Приняв душ, я оделась и спустилась в лобби. Очень хотелось есть. Я подошла к стойке, где что-то записывал добродушный хозяин. Он поднял на меня глаза и улыбнулся во весь свой щербатый рот. Я, смущаясь, спросила его, нельзя ли приготовить ужин. Он улыбнулся еще шире и сказал на чудовищном английском, что в гостиной ужин для господ уже накрыт. Я удивилась и пошла вслед за ним.
Гостиной здесь называли маленький, круглый и очень уютный зальчик, который служил и столовой в непогоду, и конференц-залом с одним ноутбуком в наличии. В хорошую погоду столовались на улице, во дворе под полосатой «маркизой».
Хозяин торжественно распахнул передо мной дверь и учтиво поклонился.
В зале был выключен верхний свет и горели три канделябра с живыми и уже слегка оплывшими свечами.
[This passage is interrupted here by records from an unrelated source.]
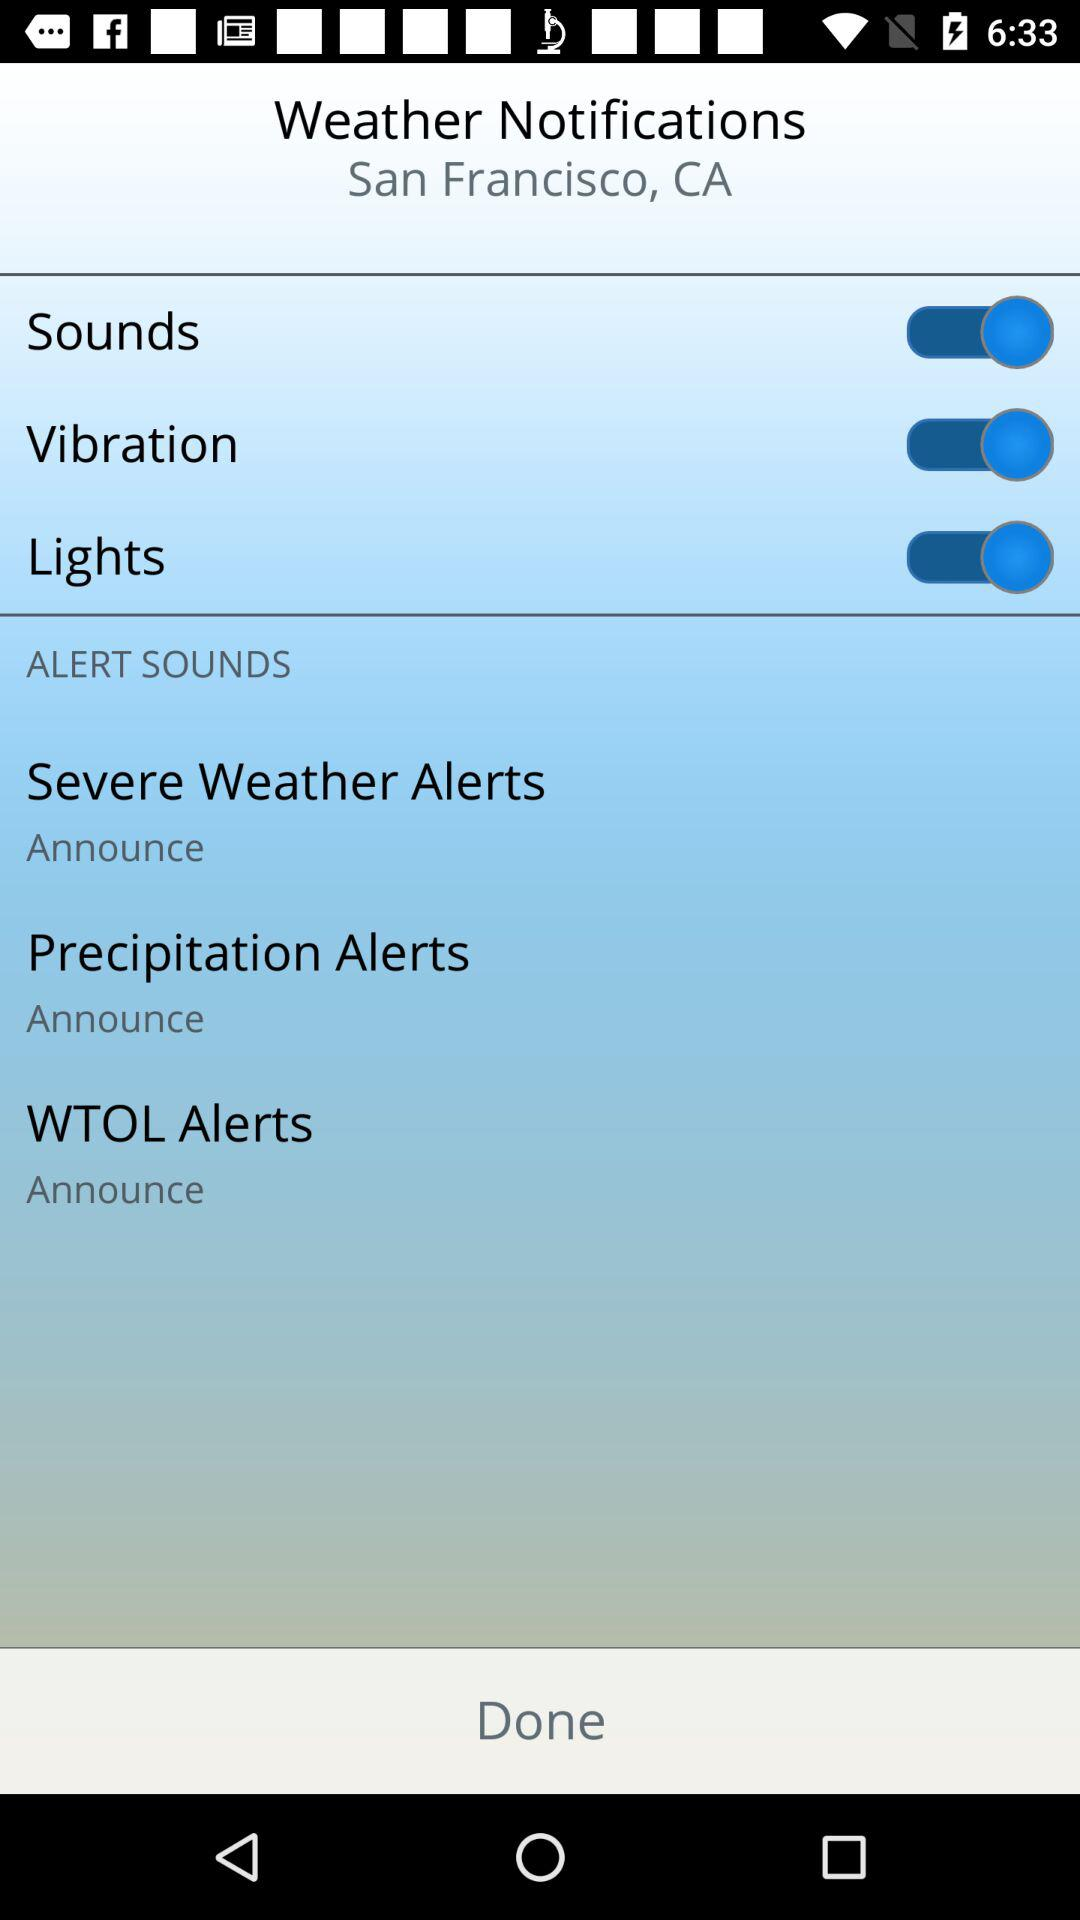For what location are the "Weather Notifications" shown? The "Weather Notifications" are shown for San Francisco, CA. 
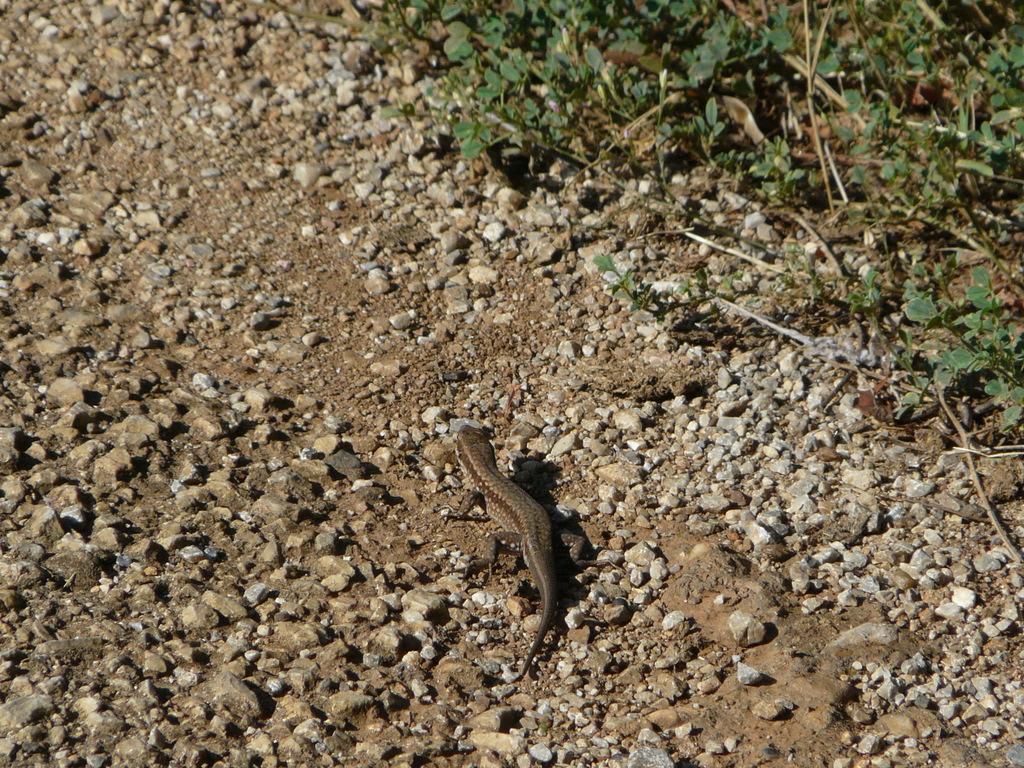Please provide a concise description of this image. In this image we can see an animal on the ground. In the background, we can see some plants. 
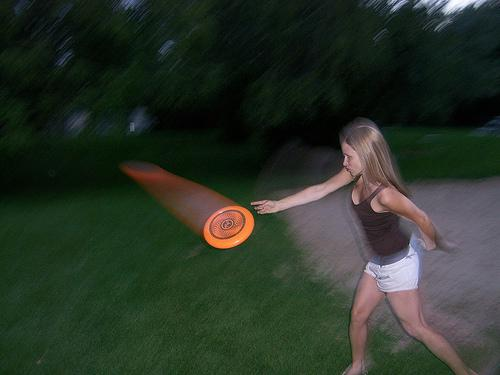Question: what color is the frisbee?
Choices:
A. Orange.
B. Pink.
C. Blue.
D. Red.
Answer with the letter. Answer: A Question: what color is the woman's hair?
Choices:
A. Red.
B. Brown.
C. Black.
D. Blonde.
Answer with the letter. Answer: D Question: what is the woman standing on?
Choices:
A. The grass.
B. A table.
C. The floor.
D. The roof.
Answer with the letter. Answer: A Question: what color are the designs on the frisbee?
Choices:
A. Pink.
B. Blue.
C. Black.
D. Red.
Answer with the letter. Answer: C

У раскрытого окна с богатой и затейливой шелковой занавесью был накрыт под белой скатертью круглый стол, на котором стояли ваза с желтыми розами и бутылка вина в серебряном ведерке. А за столом сидел мой муж, с печальным и обреченным взглядом.
Мне почему-то стало смешно, но я сдержалась, понимая торжественность момента.
Хозяин, взяв меня под руку, подвел к столу. Муж встал и учтиво поклонился. Вернее, поклонились они оба, на пару. Довольно дружненько. Теперь я не сдержалась и прыснула. Усаживаясь, осведомилась:
– Давно сидим?
Леня
Я по-прежнему с трудом сдерживала смех. Очень хотелось есть, очень. И мясо было бесподобным, и вино чудесным. Я, не большой в принципе гурман, покрякивала от удовольствия.
Муж беспокоился и спрашивал, как мне все, и то подкладывал салату, то подливал вина.
– Напьюсь ведь! – пошутила я. – Не боишься?
– Боюсь, – серьезно ответил он. И добавил: – Я теперь с тобой всего боюсь! Особенно – твоих исчезновений.
Я пьяно махнула рукой:
– Какой ты, право слово, трепетный! И напугать тебя так легко, оказывается! То же мне – то ли девочка, а то ли виденье!
Он отрицать не стал.
Вот и правильно! Ума хватило!
А вино было бесподобное! Просто сказочное! С ужасом я отметила, что он открывает третью бутылку. Подпоить хочет! Правильно, иначе на диалог я не способна. А так – способна? Пьяному, знаете ли, море по колено.
Покачиваясь, я встала со стула и подняла бокал.
– За любовь! – сказала я и неожиданно для себя громко икнула. Бокал качнулся в нетрезвых руках и… Беда, беда, беда! Вот не будешь выпендриваться!
На любимом, таком дорогом сердцу сарафане медленно расплывалось и таяло красное пятно. Господи! Все – грудь, пояс, юбка! Я с ужасом смотрела на это пятно и вдруг разревелась – громко, в голос, со всхлипываниями и причитаниями.
«Получай за свое юродство, получай! – с ненавистью к себе думала я. – Будешь глумиться над святым чувством. И кто поймет, что цинизм – лучшая защита, лучшее прикрытие!»
Продолжая реветь, я плюхнулась на стул. Он вскочил и стал неловко сыпать соль из солонки, пытаясь спасти платье. Я отталкивала его, потому что понимала: платье испорчено безнадежно. Ничего исправить нельзя.
– Завтра – в химчистку, – приговаривал он, пытаясь меня обнять.
– Фигушки! – У меня опять полились слезы, и стало еще больше обидно. – Пятна от красного вина никто не выведет! Тем более на батисте! И отстань ты со своей солью! Отстань, бога ради! Ты и так мне насолил – дальше некуда!
Он продолжал меня уговаривать и утешать, а я, пьяная и несчастная, продолжала брыкаться и возмущаться.
Наконец пришли в номер. Он стянул с меня «соленый» сарафан и бросился в ванную – замывать.
– Мылом натри! – крикнула я ему вслед и повалилась на кровать.
Никогда раньше я не чувствовала себя такой несчастной! Даже в самые тяжелые времена!
Глупая, пьяная баба! Я свернулась клубочком, залезла под одеяло и – уснула!
Проснулась я от страшного шума и грохота. Испугавшись, резко села на кровати. За окном разыгралась стихия – гроза, молнии, ветер с утробными завываниями, вспышки зарниц.